W Ameryce większość filmów w czołówce odnotowała niewielkie spadki. John Wick 4 zarobił $5 mln po 14-procentowym spadku i posiada na swoim koncie $176,2 mln. To oznacza, iż część czwarta jeszcze przed weekendem wyprzedziła poprzednika ($171 mln). Z kolei na całym świecie przychody przekroczyły właśnie $400 mln. Tymczasem do pułapu $200 mln na całym świecie zbliżą się Dungeons & Dragons: Honor Among Thieves, który w amerykańskich kinach zarobił tym razem $4,1 mln po 25-procentowym spadku. Stan konta za oceanem wynosi $88,2 mln, co daje szanse, choć niewielkie, na przekrocznie pułapu $100 mln w rozrachunku końcowym. Na rynku zewnętrznym pułap ten został właśnie przkeorczony. Przy budżecie rzędu $150 mln ostateczne globalne przychody rzędu ok. $220 mln nie będą jednak zadowalające.
Jak widać w powyższej tabelce, w pierwszej dziesiątce weekendu w amerykańskich kinach znalazło się wiele nowości. Jedną z nich jest ekranizacja liczącej ponad 50 lat skierowanej do młodzieży powieści Are You There God? It’s Me, Margaret. Film ten nie jest może dużym przebojem ($6,8 mln z ponad 3,3 tys. kin), ale zbiera bardzo dobre recenzje (99% oraz 8,5/10 na Rotten Tomatoes).
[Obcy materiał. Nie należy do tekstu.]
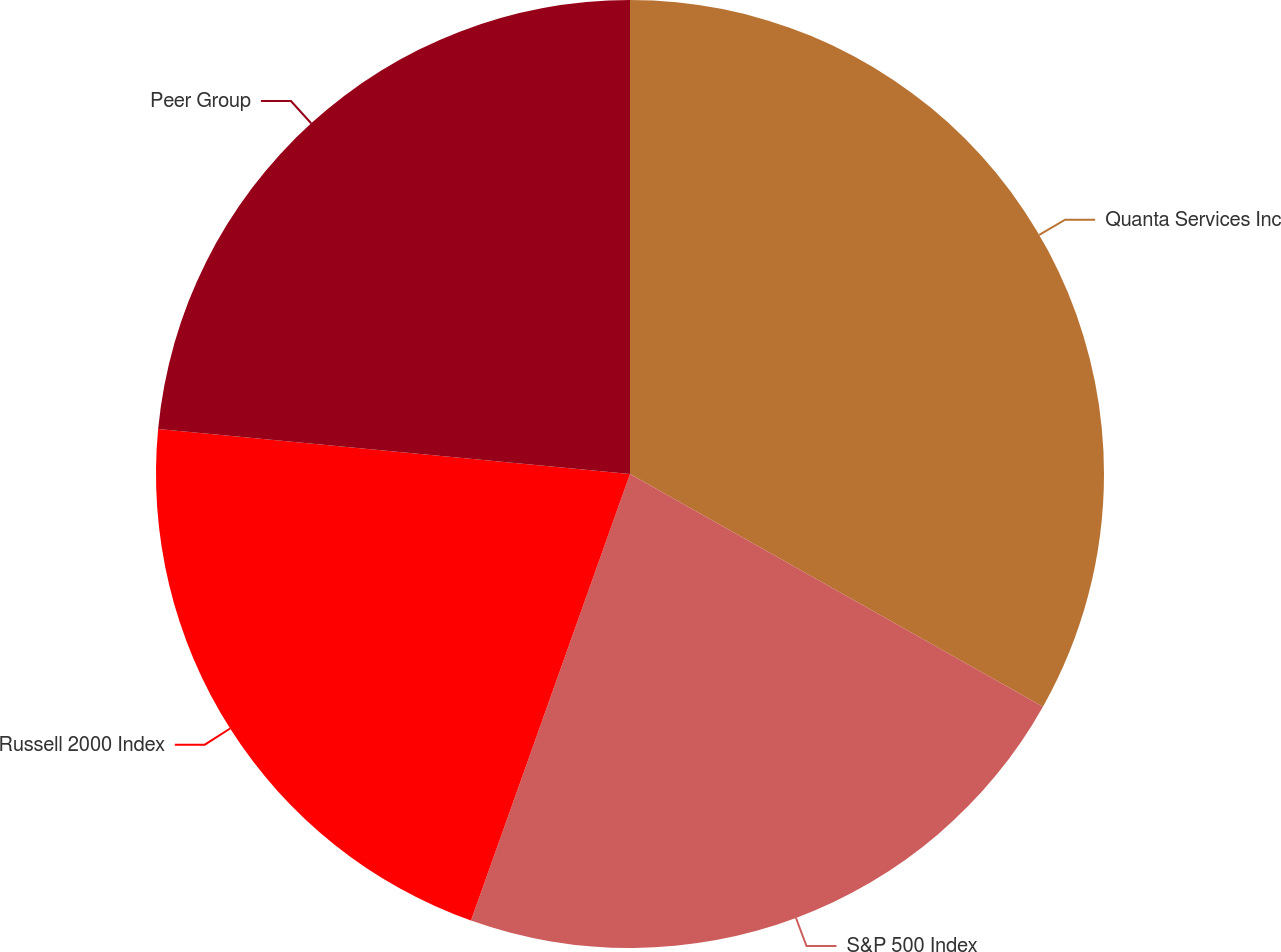Convert chart to OTSL. <chart><loc_0><loc_0><loc_500><loc_500><pie_chart><fcel>Quanta Services Inc<fcel>S&P 500 Index<fcel>Russell 2000 Index<fcel>Peer Group<nl><fcel>33.17%<fcel>22.28%<fcel>21.07%<fcel>23.49%<nl></chart> 
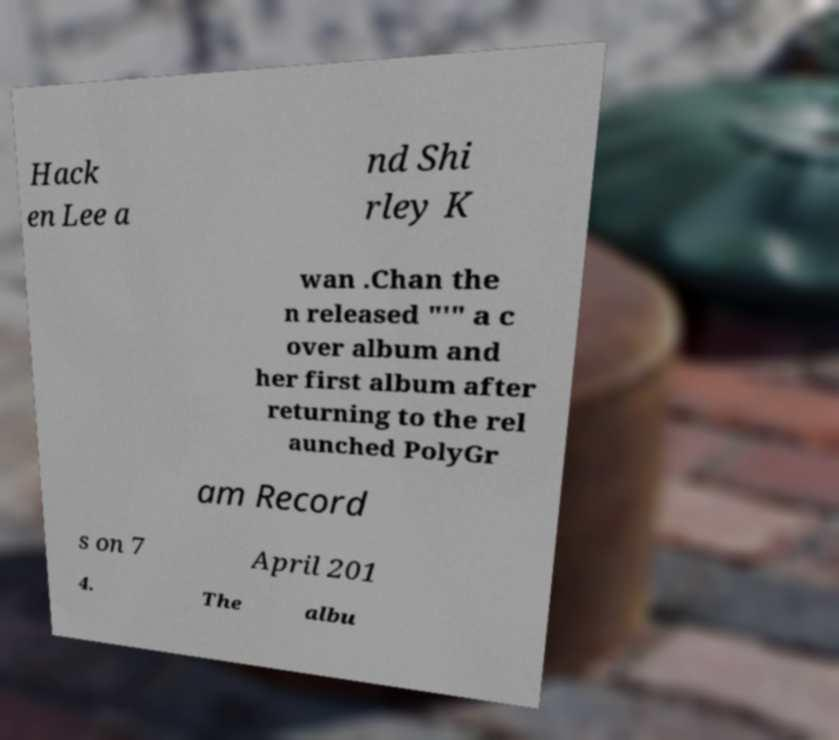Can you read and provide the text displayed in the image?This photo seems to have some interesting text. Can you extract and type it out for me? Hack en Lee a nd Shi rley K wan .Chan the n released "'" a c over album and her first album after returning to the rel aunched PolyGr am Record s on 7 April 201 4. The albu 
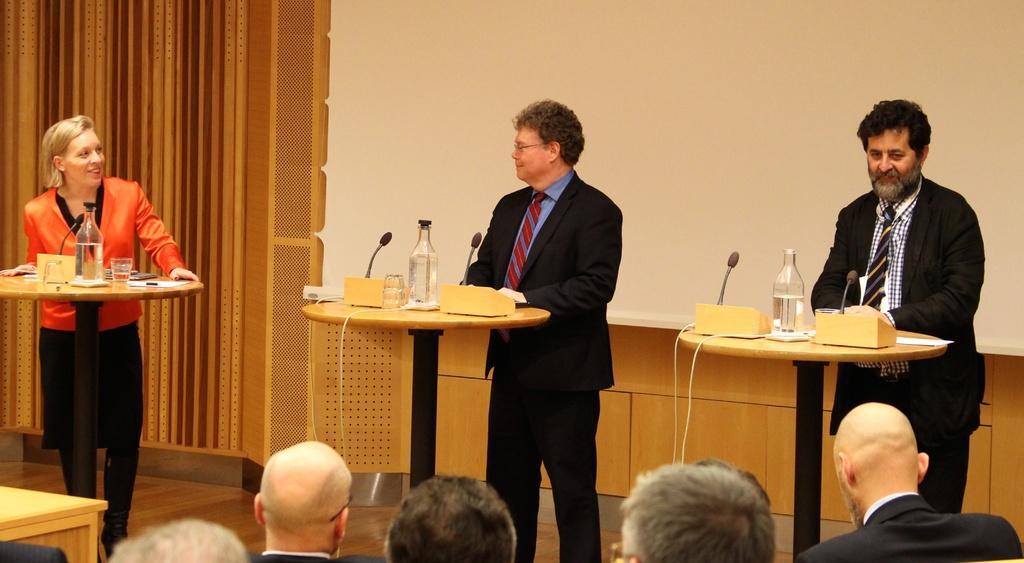Please provide a concise description of this image. There are three members standing near the tables on which a water bottles, microphone was placed. One of them was woman, standing on the left side. Two of them were men. And there are some people sitting and watching them. In the background there is a projector display screen and a wall.

Jest to najlepiej sprzedająca się w miniony weekend nowość. Na piątym miejscu znalazła się reedycja Return of the Jedi, która zawitała na ekrany z okazji 40. rocznicy premiery. W 475 kinach szósta część Star Wars zarobiła $4,7 mln, co daje drugą najwyższą średnią na kino w tym tygodniu. Lepszy pod tym względem był tylko europejski dramat The Eight Mountains, który w dwóch kinach wygenerował $50 tys..
TOP10 uzpełniają indyjski Ponniyin Selvan: Part Two ($3,8 mln w 600 kinach) oraz fiński Sisu (3,25 mln w 1005 kinach). Katarstrofą zakończyła się dystrybucja filmu o bardzo długim tytule Big George Foreman: The Miraculous Story of the Once and Future Heavyweight Champion of the World. W 3054 kinach dystrybuowany przez Sony tytuł zarobił zaledwie $3 mln przy średniej na kino poniżej tysiąca dolarów.